The following script will setup a new cluster in the databricks workspace and prepare it to run presidio anonymization jobs. Once finished, the script will output an access key which you can use when working with databricks cli.

sh ./scripts/configure_databricks.sh

Configure an existing cluster

Only follow through with the steps in this section if you have an existing databricks workspace and clsuter you wish to configure to run presidio. If you've followed through with the "Deploy Infrastructure" and "Setup Databricks" sections you do not have to run the script in this section.

Set up secret scope and secrets for storage account

Add an Azure Storage account key to secret scope.

STORAGE_PRIMARY_KEY=[Primary key of storage account]

databricks secrets create-scope --scope storage_scope --initial-manage-principal users
databricks secrets put --scope storage_scope --key storage_account_access_key --string-value "$STORAGE_PRIMARY_KEY"

Upload or update cluster init scripts

Presidio libraries are loaded to the cluster on init. Upload the cluster setup script or add its content to the existing cluster's init script.

databricks fs cp "./setup/startup.sh" "dbfs:/FileStore/dependencies/startup.sh"

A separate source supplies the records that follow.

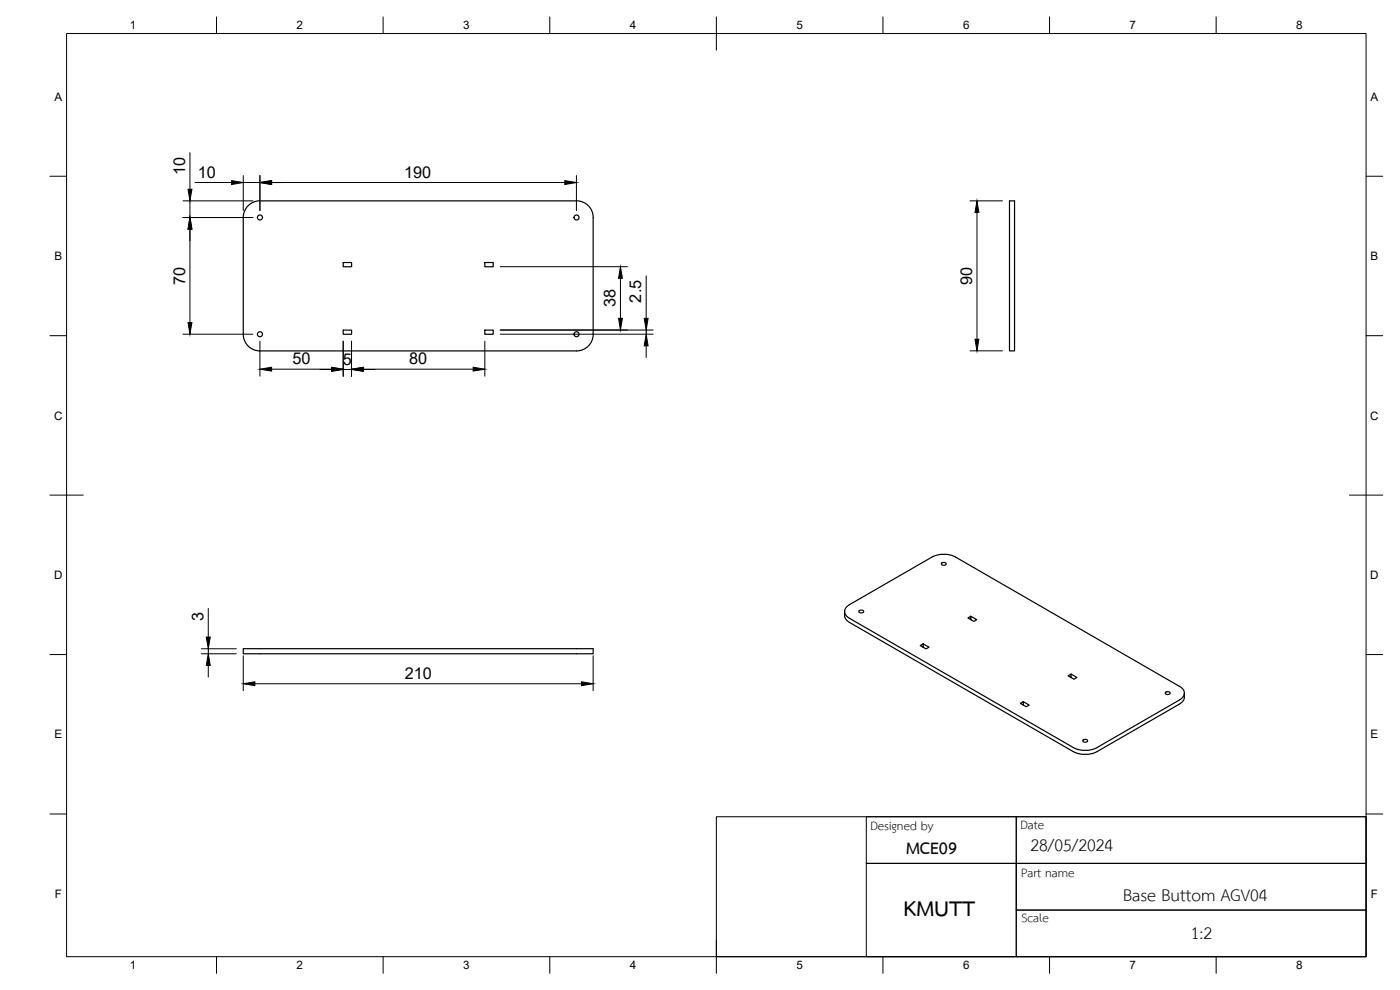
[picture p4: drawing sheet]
<svg xmlns="http://www.w3.org/2000/svg" width="420mm" height="297mm" viewBox="0 0 420 297" stroke-linecap="round" stroke-linejoin="round" font-family="sans-serif">
<defs><g id="words">
<text font-size="9.3" x="271.2" y="275">KMUTT</text>
<g font-size="7.2">
<text x="271.9" y="256.3">MCE09</text>
<text x="309.2" y="255.3">28/05/2024</text>
<text x="337" y="270.5">Base Buttom AGV04</text>
<text x="357.4" y="281.6">1:2</text>
</g>
<g font-size="5.2">
<text x="261.2" y="249">Designed by</text>
<text x="306.2" y="248.7">Date</text>
<text x="306.4" y="263.1">Part name</text>
<text x="306.6" y="276.6">Scale</text>
</g>
<g font-size="4.9">
<text x="55.5" y="52.4" transform="rotate(-90 55.5 52.4)">10</text>
<text x="59.4" y="53.3">10</text>
<text x="121.3" y="53.3">190</text>
<text x="55.5" y="85.5" transform="rotate(-90 55.5 85.5)">70</text>
<text x="291.7" y="85.5" transform="rotate(-90 291.7 85.5)">90</text>
<text x="184.7" y="92.2" transform="rotate(-90 184.7 92.2)">38</text>
<text x="192.5" y="90.8" transform="rotate(-90 192.5 90.8)">2.5</text>
<text x="87.8" y="109.3">50</text>
<text x="102.9" y="109.4">5</text>
<text x="122.8" y="109.3">80</text>
<text x="61" y="186.5" transform="rotate(-90 61 186.5)">3</text>
<text x="121.5" y="203.7">210</text>
</g>
<g font-size="3.5">
<text x="39" y="8.8">1</text>
<text x="89" y="8.8">2</text>
<text x="139" y="8.8">3</text>
<text x="189" y="8.8">4</text>
<text x="239" y="8.8">5</text>
<text x="289" y="8.8">6</text>
<text x="339" y="8.8">7</text>
<text x="389" y="8.8">8</text>
<text x="16.3" y="30.2">A</text>
<text x="411.3" y="30.2">A</text>
<text x="16.3" y="78">B</text>
<text x="411.3" y="78">B</text>
<text x="16.2" y="125.9">C</text>
<text x="411.2" y="125.9">C</text>
<text x="16.2" y="173.7">D</text>
<text x="411.2" y="173.7">D</text>
<text x="16.3" y="221.6">E</text>
<text x="411.3" y="221.6">E</text>
<text x="16.4" y="269.4">F</text>
<text x="411.4" y="269.4">F</text>
<text x="39" y="290.8">1</text>
<text x="89" y="290.8">2</text>
<text x="139" y="290.8">3</text>
<text x="189" y="290.8">4</text>
<text x="239" y="290.8">5</text>
<text x="289" y="290.8">6</text>
<text x="339" y="290.8">7</text>
<text x="389" y="290.8">8</text>
</g>
</g></defs>
<!-- layer: Visible -->
<g fill="none" stroke="#000" stroke-width=".36">
<path d="M74.2 62a4.9 4.9 0 0 1 3.8-1.7l95-.1a5 5 0 0 1 5 5.1v35a5 5 0 0 1-5 5h-95a5 5 0 0 1-5-5v-35a5 5 0 0 1 1.2-3.3zM103 78.8h2.5v1.2h-2.5zM145.5 78.8h2.5v1.2h-2.5zM303 60.3h1.5v45h-1.5zM103 99h2.5v1.3h-2.5zM145.5 99h2.5v1.3h-2.5zM282.7 168.9l.8-.1 .5 .3a.76 .76 0 0 1-.8 .5 .76 .76 0 0 1-.7-.5zM73 194.6h105v1.6h-105zM253.5 183.5a2.78 2.78 0 0 0 1.4 3.2l67.2 38.8a7.8 7.8 0 0 0 7.1 0l24.8-14.2M254.3 181.9l25.4-14.8a7.8 7.8 0 0 1 7.1 0l67.2 38.8a2.16 2.16 0 0 1 1.5 2.1 2.16 2.16 0 0 1-1.5 2l-24.8 14.3a7.8 7.8 0 0 1-7.1 0l-67.2-38.8a2.1 2.1 0 0 1-.6-3.6zM257.9 183.2l.9-.1 .4 .3a.76 .76 0 0 1-.7 .5 .76 .76 0 0 1-.8-.5zM277.1 193.2l-.9 .5 1.7 1 .9-.5-1.7-1v1"/>
<path d="M291.4 184.9l-.9 .5 1.7 1 .9-.5-1.7-1v1M307.1 210.5l-.9 .5 1.8 1.1 .9-.6-1.8-1v1M321.4 202.3l-.9 .5 1.8 1 .9-.5-1.8-1v1M349.9 207.7l.8-.1 .5 .2a.76 .76 0 0 1-.8 .6 .76 .76 0 0 1-.7-.6zM355.4 208v1.2M355.5 209.2l-.6 1.3-.9 .7M325.1 222l.9-.1 .4 .3a.76 .76 0 0 1-.7 .5 .76 .76 0 0 1-.7-.5z"/>
<circle cx="78" cy="65.3" r=".75"/>
<circle cx="173" cy="65.3" r=".75"/>
<circle cx="78" cy="100.3" r=".75"/>
<circle cx="173" cy="100.3" r=".75"/>
</g>
<!-- layer: BORDER -->
<g fill="none" stroke="#000" stroke-width=".3">
<path d="M20 10.1h390v276.9h-390zM65 5.1v5M115 5.1v5M165 5.1v5M215 5.1v10M265 5.1v5M315 5.1v5M365 5.1v5M15 52.9h5M410 52.9h5M15 100.7h5M410 100.7h5"/>
<path d="M15 148.6h10M405 148.6h10M15 196.4h5M410 196.4h5M15 244.2h5M410 244.2h5M65 287v5M115 287v5M165 287v5M215 282.1v9.9M265 287v5M315 287v5"/>
<path d="M365 287v5"/>
</g>
<!-- layer: TITLEBLOCK -->
<path d="M215 245.1h195v41.9h-195zM260 259h150v14.1h-105v-14.1v28h-45zM260 245.1h45v13.9h-45zM305 245.1h105v13.9h-105zM305 273.1h105v13.9h-105z" fill="none" stroke="#000" stroke-width=".3"/>
<!-- layer: FD_Dimensions -->
<g fill="none" stroke="#000" stroke-width=".3">
<path d="M57 45.8v11M58.5 54.8h11M73 52.7v10.5M73 54.8h5M78 52.7v10.5M81.5 54.8h88M173 52.7v10.5M54.9 60.3h21M54.9 65.3h21M57 60.3v5M57 68.8v28M291.1 60.3h9.8"/>
<path d="M293.2 63.8v38M150.1 99h45.9M150.1 80h38.2M186.2 83.5v12M193.9 82.8v12.7M193.9 99v1.3M54.9 100.3h21M78 102.4v10.5M81.5 110.8h18M96 110.9h3.5M103 102.4v10.6M103 110.9h2.5"/>
<path d="M105.5 102.4v10.6M109 110.8h33M109 110.9h3.5M145.5 102.4v10.5M150.1 100.3h45.9M193.9 103.8v3.5M291.1 105.3h9.8M60.4 196.2h10.5M60.4 194.7h10.5M62.5 182.5v8.6M62.5 194.7v1.5M62.5 199.7v3.4"/>
<path d="M73 196.8v10.4M178 196.8v10.4M76.5 205.2h98"/>
</g>
<g fill="#000" stroke="#000" stroke-width=".3">
<path d="M56.4 56.8h1.2l-.6 3.5zM69.5 54.2l3.5 .6-3.5 .6zM78 54.8l3.5-.6v1.2zM169.5 54.2l3.5 .6-3.5 .6zM57 65.3l.6 3.5h-1.2zM293.2 60.3l.6 3.5h-1.2zM56.4 96.8h1.2l-.6 3.5zM185.6 95.5h1.2l-.6 3.5zM186.2 80l.6 3.5h-1.2zM193.3 95.5h1.2l-.6 3.5zM78 110.8l3.5-.6v1.1zM99.5 110.2l3.5 .6-3.5 .5z"/>
<path d="M99.5 110.3l3.5 .6-3.5 .5zM105.5 110.8l3.5-.6v1.1zM105.5 110.9l3.5-.6v1.1zM142 110.2l3.5 .6-3.5 .5zM193.9 100.3l.6 3.5h-1.2zM292.6 101.8h1.2l-.6 3.5zM62.5 196.2l.6 3.5h-1.2zM61.9 191.1h1.2l-.6 3.6zM73 205.2l3.5-.6v1.1zM174.5 204.6l3.5 .6-3.5 .5z"/>
</g>
<use href="#words"/>
</svg>

Setup the cluster to run the init script.

Upload presidio notebooks

databricks workspace import_dir "./notebooks" "/notebooks" --overwrite

Update cluster environment

Add the following environment variables to your databricks cluster:

"STORAGE_MOUNT_NAME": "/mnt/files"
"STORAGE_CONTAINER_NAME": [Blob container name]
"STORAGE_ACCOUNT_NAME": [Storage account name]

Mount the storage container

Run the notebook 00_setup to mount the storage account to databricks.

Running the sample

Configure Presidio transformation notebook

From Databricks workspace, under notebooks folder, open the provided 01_transform_presidio notebook and attach it to the cluster preisidio_cluster. Run the first code-cell and note the following parameters on the top end of the notebook (notebook widgets) and set them accordingly

Input File Format - text (selected).
Input path - a folder on the container where input files are found.
Output Folder - a folder on the container where output files will be written to.
Column to Anonymize - value (selected).

Run the notebook

Upload a text file to the blob storage input folder, using any preferred method (Azure Portal, Azure Storage Explorer, Azure CLI).

az storage blob upload --account-name $STORAGE_ACCOUNT_NAME  --container $STORAGE_CONTAINER_NAME --file ./[file name] --name input/[file name]

Run the notebook cells, the output should be csv files which contain two columns, the original file name, and the anonymized content of that file.